The Left Behind series would be amusing, if it were not for the existence of people who sincerely hope for it to come true.
I’m pretty sure I also saw it in a Life In Hell strip. Hah! It’s all Matt Groening’s fault, then.
Ugh, Atlas Shrugged. I HATED THAT BOOK SO MUCH! *screams* Oh, the time I wasted reading it that could have been spent color-coding socks!
I used to collect by cover author, so most of the really bad stuff I’ve read is just no-name mass market paperback. Most of the big-name stuff does have a basic level of competence that the slush pile doesn’t even reach.
But the worst? Save the Pearls, naturally.

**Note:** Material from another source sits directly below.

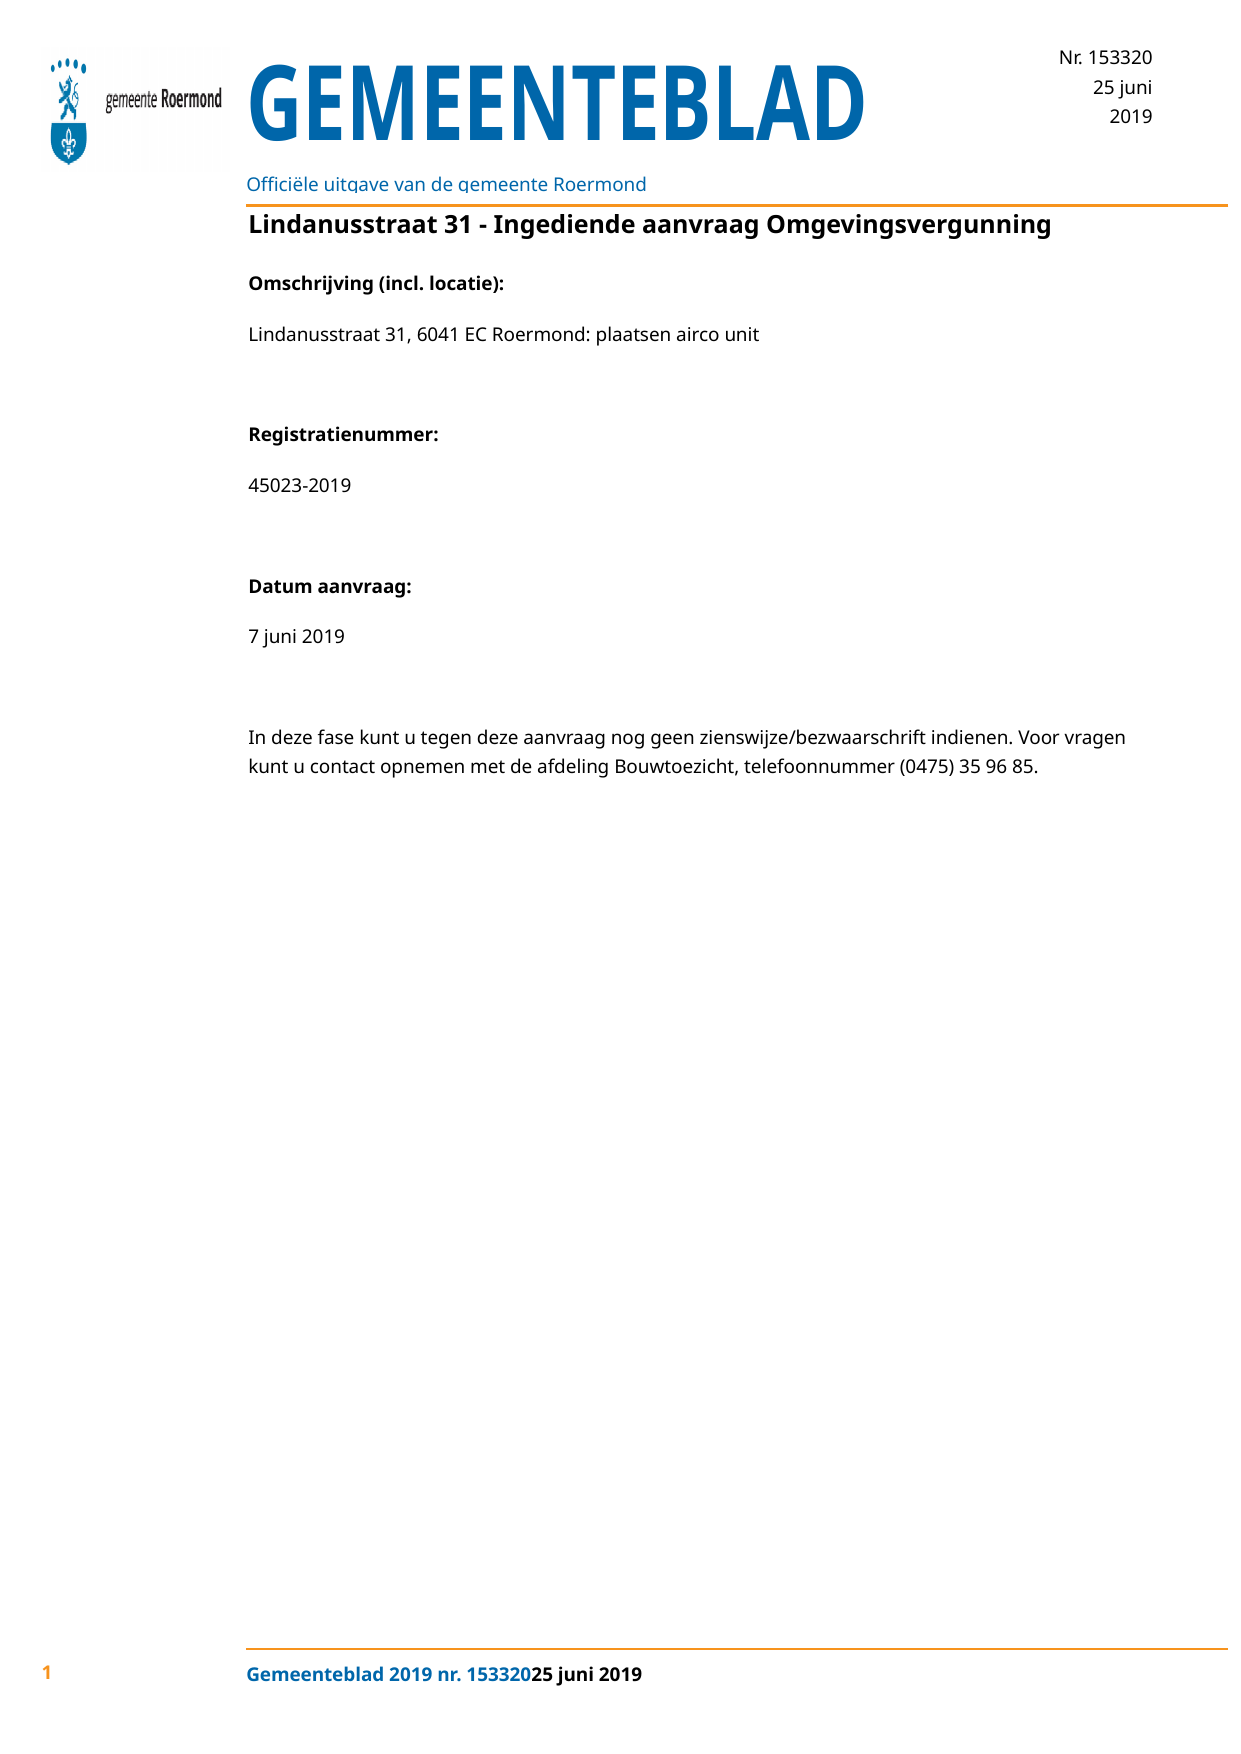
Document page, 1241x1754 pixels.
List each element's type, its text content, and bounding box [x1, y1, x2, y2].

I just Googled Save the Pearls. I really wish I hadn’t
OSC, Terry Goodkind, Piers Anthony… Oh, God, I read them all… *weeps*
Falconer, that’s the Homecoming Saga.
Oh, god, when they actually got where they were going and set up a society that devolved into a patriarchal dystopia so fast… and it was only later that I realized he meant it to be a uptopia…
Tooimpureangel: We sporked it here. I miss the days when there were lots of people on the fora 🙁
Damn, Quark was boring. So glad I missed the eleventy billion pages that were all about how awful people were for swearing at her unfolding in real time.
On the much more interesting book conversation – Atwood is amazing. With Banks I found his sci-fi very dull but his more conventional novels great other than the occasional moments of clueless sexism. I’m not calling it misogyny because I don’t think he had any intention of demeaning women or held any particular animosity towards us, he just didn’t get it on a fairly fundamental level, which is a shame since in general he wrote so well. This is why I ended up throwing The Business across the room at the end – most of the book was good and then the decision that he had the main character make at the end was so completely out of character and so motivated by his rather stupid assumptions about women. It’s rare that I get frustrated enough to abuse a book, but that one managed it.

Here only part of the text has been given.